People don't feel strongly about their economic positions, even if radical, relatively.
Tell someone "we need the Fair Tax and a balanced budget". Even if they're far far left, are they gonna get upset? No.
Tell someone "you can't have the Fair Tax and you can't have a balanced budget!" Even if they're far far right, are they gonna get upset? No.
Social issues, people get emotional. Social issues are where the emotion is at. I propose the 'very' emphatic goes with emotion and not desire for a balanced budget and lower taxes.
Blue:
I'm quite sure you're mistaken.
Were you to show up at my DC home tonight and stand at the front door, I could, by 6 p.m. tomorrow parade over 100 people through the door, each of whom would, in response to "we need the
Fair Tax," respond with something akin to "Oh, hell no, we don't!" Moreover, every last one of them would know exactly what the Fair Tax is and what's amiss with the notion of implementing it.
I doubt my nonagenarian mother knows what the Fair Tax is, and I know her economics background is limited to at most two courses of fundamental instruction, but I know the instant I explain it to her, even with her age addled senses, she'd say something such as, "Child, have you lost your mind?"
Each of the folks, Momma included, would oppose the Fair Tax on equitability, normative grounds.
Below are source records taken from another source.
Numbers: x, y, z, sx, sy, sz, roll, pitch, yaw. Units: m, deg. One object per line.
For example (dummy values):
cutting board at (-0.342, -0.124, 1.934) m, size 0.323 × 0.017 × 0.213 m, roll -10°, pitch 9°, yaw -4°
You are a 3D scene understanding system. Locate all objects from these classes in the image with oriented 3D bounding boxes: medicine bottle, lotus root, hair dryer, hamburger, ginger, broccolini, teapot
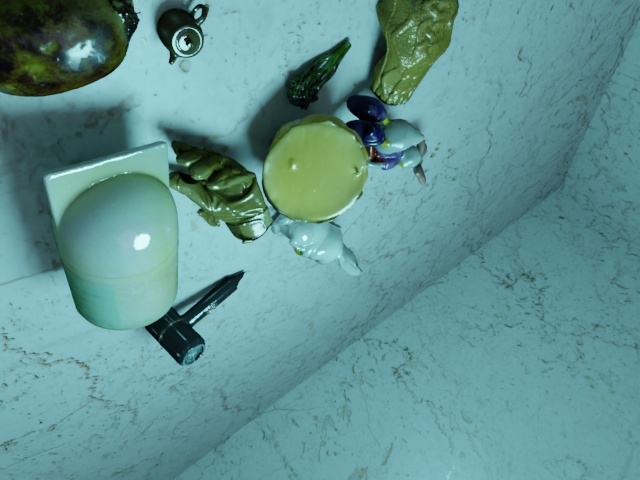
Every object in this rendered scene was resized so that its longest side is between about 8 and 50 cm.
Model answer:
medicine bottle at (-0.420, -0.014, 0.909) m, size 0.236 × 0.235 × 0.406 m, roll -19°, pitch 145°, yaw -32°
lotus root at (-0.403, -0.298, 0.629) m, size 0.314 × 0.141 × 0.169 m, roll -30°, pitch 145°, yaw -14°
hair dryer at (-0.361, 0.222, 1.395) m, size 0.352 × 0.189 × 0.107 m, roll -41°, pitch 155°, yaw -24°
hamburger at (-0.014, -0.191, 1.121) m, size 0.276 × 0.276 × 0.236 m, roll -47°, pitch -166°, yaw 13°
ginger at (-0.287, -0.088, 1.158) m, size 0.057 × 0.044 × 0.137 m, roll -36°, pitch 158°, yaw -44°
broccolini at (0.002, -0.396, 1.032) m, size 0.203 × 0.068 × 0.091 m, roll -44°, pitch 131°, yaw 7°
teapot at (-0.242, -0.373, 0.782) m, size 0.121 × 0.068 × 0.076 m, roll -46°, pitch 150°, yaw 13°

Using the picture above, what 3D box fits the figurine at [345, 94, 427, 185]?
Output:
figurine at (0.219, -0.288, 1.286) m, size 0.421 × 0.194 × 0.154 m, roll 22°, pitch 71°, yaw -65°

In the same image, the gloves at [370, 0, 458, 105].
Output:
gloves at (0.232, -0.499, 1.056) m, size 0.203 × 0.155 × 0.356 m, roll -26°, pitch 145°, yaw -29°

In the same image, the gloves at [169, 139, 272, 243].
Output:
gloves at (-0.235, -0.127, 1.035) m, size 0.141 × 0.154 × 0.331 m, roll -65°, pitch 144°, yaw -25°

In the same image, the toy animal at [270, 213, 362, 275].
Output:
toy animal at (-0.005, -0.003, 1.407) m, size 0.326 × 0.208 × 0.154 m, roll 30°, pitch 94°, yaw -17°
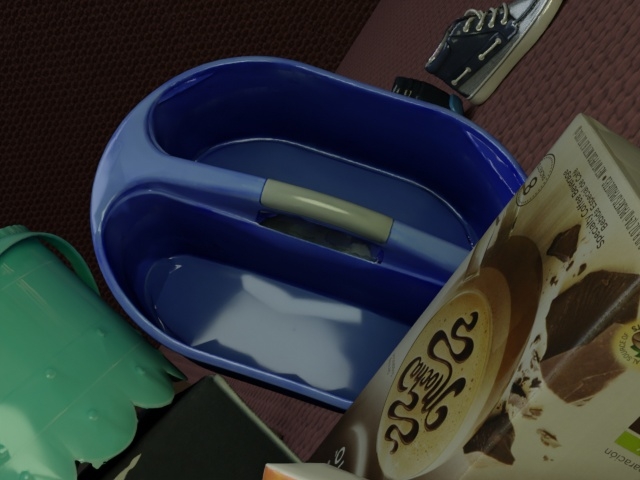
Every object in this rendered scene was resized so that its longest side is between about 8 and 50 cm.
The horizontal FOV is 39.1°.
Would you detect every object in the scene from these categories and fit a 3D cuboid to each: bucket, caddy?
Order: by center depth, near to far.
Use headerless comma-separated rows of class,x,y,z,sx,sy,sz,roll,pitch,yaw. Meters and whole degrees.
caddy,0.000,0.000,0.688,0.179,0.341,0.241,102,-175,-74
bucket,-0.258,0.131,0.699,0.281,0.183,0.281,-43,3,3

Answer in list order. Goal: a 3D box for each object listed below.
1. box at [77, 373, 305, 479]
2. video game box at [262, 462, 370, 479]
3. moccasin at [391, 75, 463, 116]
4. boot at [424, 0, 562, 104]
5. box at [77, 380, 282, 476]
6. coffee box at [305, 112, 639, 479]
box,-0.182,0.329,0.712,0.395,0.212,0.293,-45,3,-25
video game box,0.037,0.207,0.366,0.205,0.048,0.187,5,82,49
moccasin,0.059,-0.084,1.231,0.342,0.117,0.138,-55,12,27
boot,0.207,-0.253,1.075,0.190,0.086,0.069,-54,12,32
box,-0.221,0.248,1.118,0.121,0.311,0.148,-51,14,39
coffee box,0.108,0.103,0.486,0.297,0.119,0.168,-56,13,24
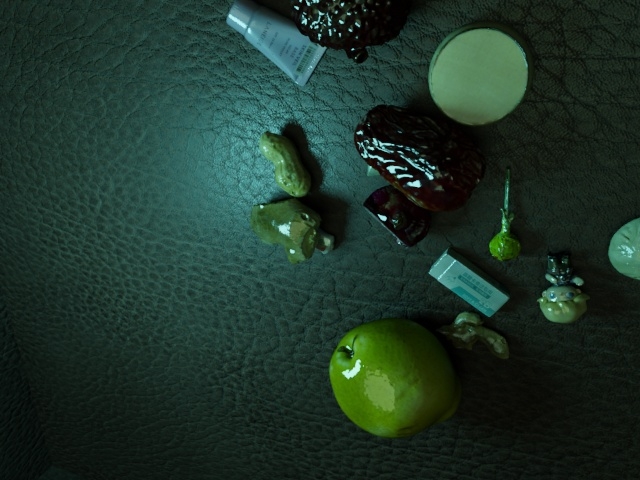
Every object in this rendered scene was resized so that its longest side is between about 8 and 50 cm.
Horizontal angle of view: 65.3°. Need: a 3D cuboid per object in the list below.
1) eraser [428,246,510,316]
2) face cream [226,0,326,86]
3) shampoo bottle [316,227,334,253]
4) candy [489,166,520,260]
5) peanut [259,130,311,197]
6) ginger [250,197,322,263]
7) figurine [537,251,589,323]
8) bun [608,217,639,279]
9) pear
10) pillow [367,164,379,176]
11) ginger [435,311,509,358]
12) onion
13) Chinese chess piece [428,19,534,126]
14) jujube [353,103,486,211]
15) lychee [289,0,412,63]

FWIW, if one is of a mind and irked that wealthy folks get away without paying enough taxes now, one's going to "go ballistic" were Fair Tax enacted.
Red:
That may be so, but balanced budgets and tax policy are but two of
the many, many economic stances folks have or can have. Your proposition does not "hold water" if it's based on your abducting the nature and extent of folks' positions/responses on but two of them.
Your proposition seems to animate Rothbard's tacit sentiment I alluded to in the post to which your above remarks are a reply.
It is no crime to be ignorant of economics, which is, after all, a specialized discipline and one that most people consider to be a "dismal science."’ But it is totally irresponsible to have a loud and vociferous opinion on economic subjects while remaining in this state of ignorance.